Parents Defending Education’s (PDE) new resource for parents seeks to inform them of their state education agencies’ policies about gender identity and reveals multiple states instruct teachers to keep their students’ gender identities a secret from parents.

As it continues to add information from more states, the national grassroots organization’s resource for parents currently provides links to the websites of 29 state education departments across the country along with their policies regarding transgender students and gender identity.

In Connecticut, for example, the state department of education’s “Guidance on Civil Rights Protections and Supports for Transgender Students” asserts “documentation” of gender identity is “not required” for students and the school’s “obligation to treat a student consistent with the student’s gender identity or expression does not require notice from the parent or guardian.”

The Kentucky Department of Education responds to the question, “Should a school inform a parent/caregiver of a student’s sexual orientation or gender identity against a student’s wishes?” with the statement:

The involuntary disclosure of a student’s sexual orientation or gender identity, commonly referred to as “outing,” is an extremely dangerous practice. School leaders must balance their responsibility to protect the health and safety of a student with their responsibility to keep parents informed of important educational issues. If a student voluntarily discloses their sexual orientation or gender identity to an educator with the assumption that this information is to be kept private, it is best practice for the educator to maintain that confidence and keep this information confidential.

The Massachusetts Department of Education instructs school officials decisions about informing other school staff about a student’s new “gender identity” should be made “in consultation with the student, or in the case of a young student, the student’s parent or guardian.”

“The key question is whether and how sharing the information will benefit the student,” the department says, and adds 14-year-old students are able to “consent” to sharing their gender identity information:

Transgender and gender nonconforming students may decide to discuss and express their gender identity openly and may decide when, with whom, and how much to share private information. A student who is 14 years of age or older, or who has entered the ninth grade, may consent to disclosure of information from his or her student record.

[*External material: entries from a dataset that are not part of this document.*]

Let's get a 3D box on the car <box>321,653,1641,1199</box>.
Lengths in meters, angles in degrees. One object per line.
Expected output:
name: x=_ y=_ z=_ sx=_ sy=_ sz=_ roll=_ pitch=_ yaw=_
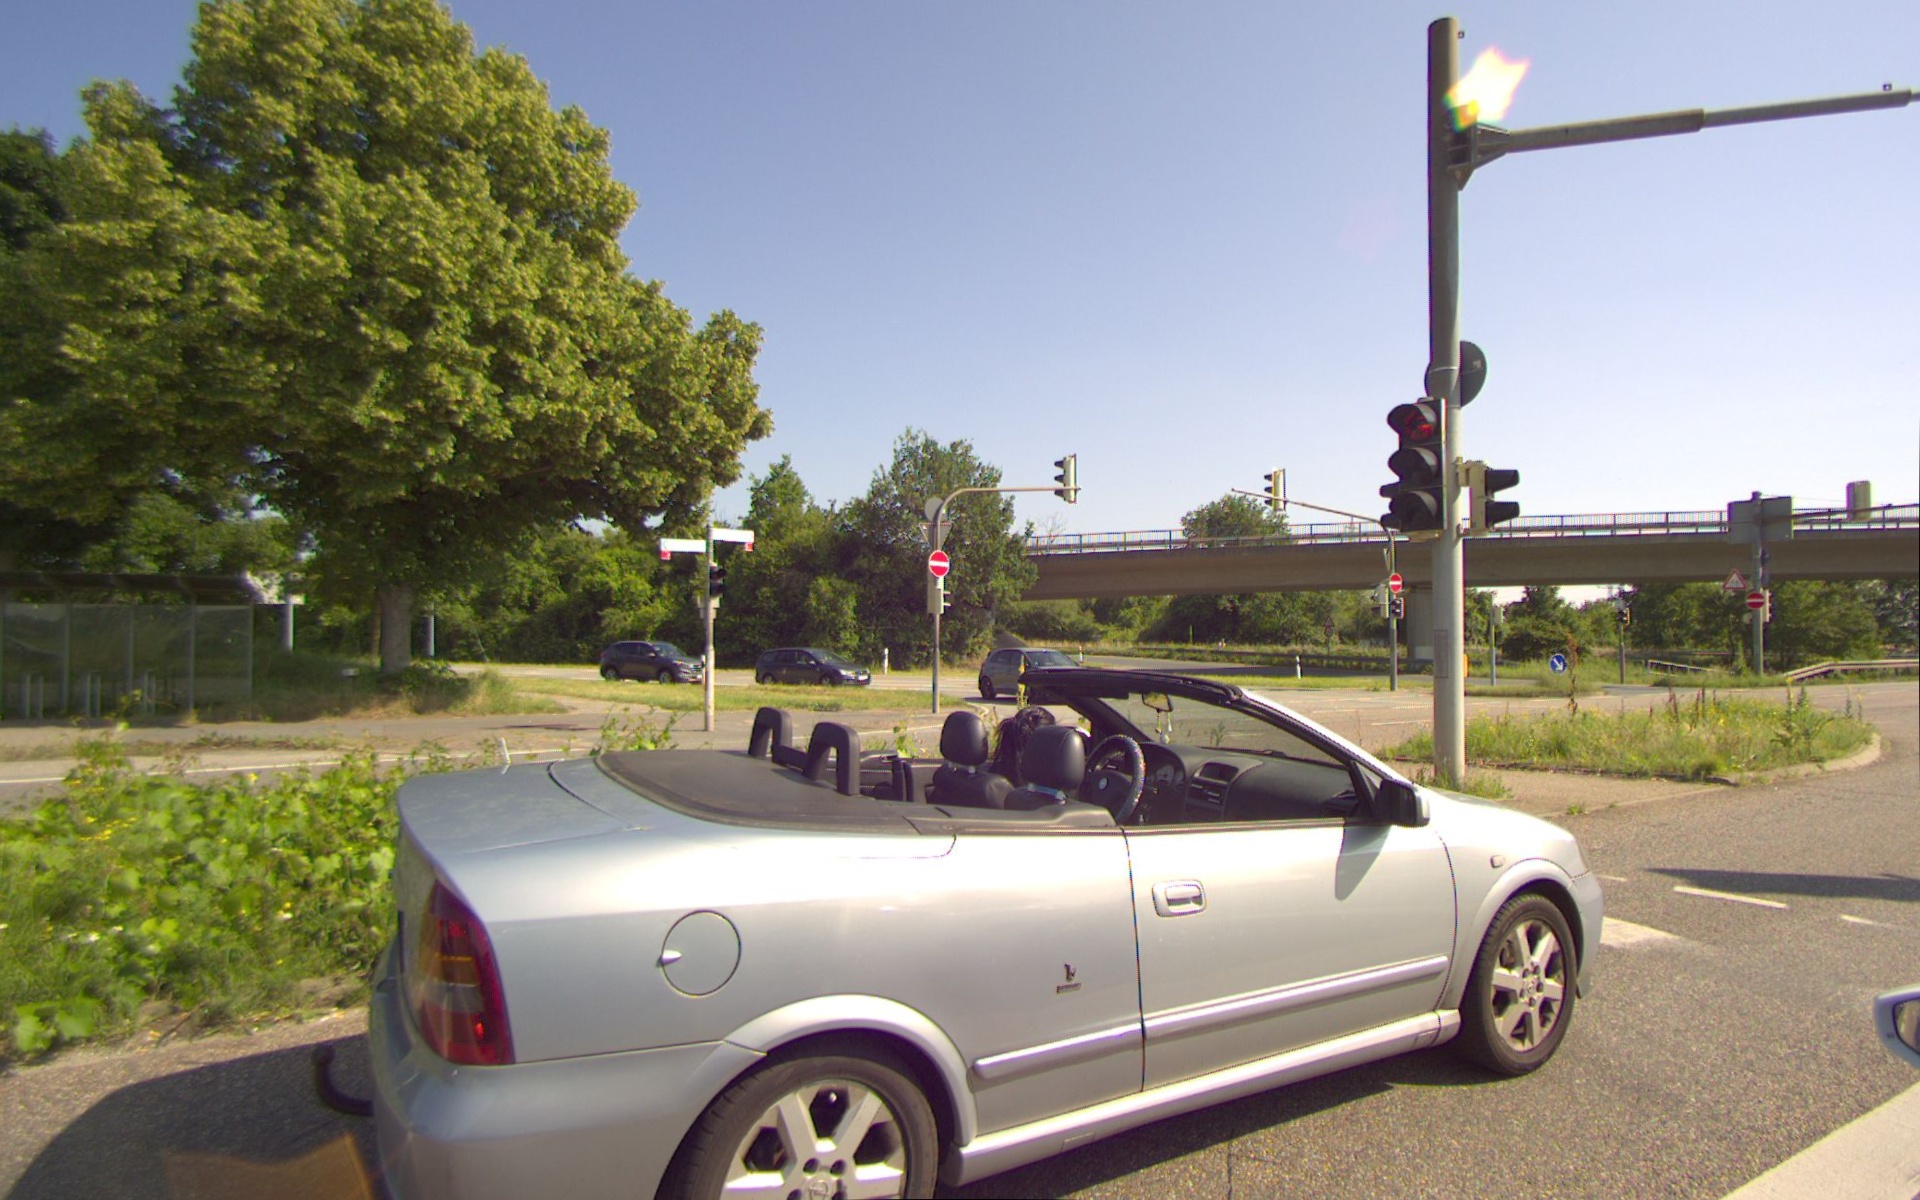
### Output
car: x=0.316 y=0.874 z=3.368 sx=4.049 sy=1.352 sz=1.666 roll=1 pitch=-3 yaw=-30

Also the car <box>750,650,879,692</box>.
car: x=-5.020 y=2.398 z=34.451 sx=4.276 sy=1.297 sz=1.648 roll=-1 pitch=-2 yaw=30

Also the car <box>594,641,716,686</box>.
car: x=-11.379 y=2.337 z=37.531 sx=4.270 sy=1.616 sz=1.651 roll=-1 pitch=-2 yaw=22

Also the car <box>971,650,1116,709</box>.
car: x=2.180 y=2.091 z=27.386 sx=1.851 sy=1.443 sz=4.090 roll=2 pitch=-3 yaw=-33

If a student is under 14 and is not yet in the ninth grade, the student’s parent (alone) has the authority to decide on disclosures and other student record matters.

Maine’s education department states in its policy concerning “transgender and gender-expansive students” that “school staff shall comply with the student’s wishes regarding disclosure of their transgender status to others, including but not limited to parents or guardians … unless the student has explicitly authorized the disclosure or unless legally required to do so.

Many states have also opted to provide a list of “resources” to LGBTQ youth, most of which appear to be LGBTQ activist organizations.

In Michigan, for example, schools are urged to support “the formation of Gay-Straight Alliances or Gender and Sexuality Alliances (GSAs)” in both middle and high schools.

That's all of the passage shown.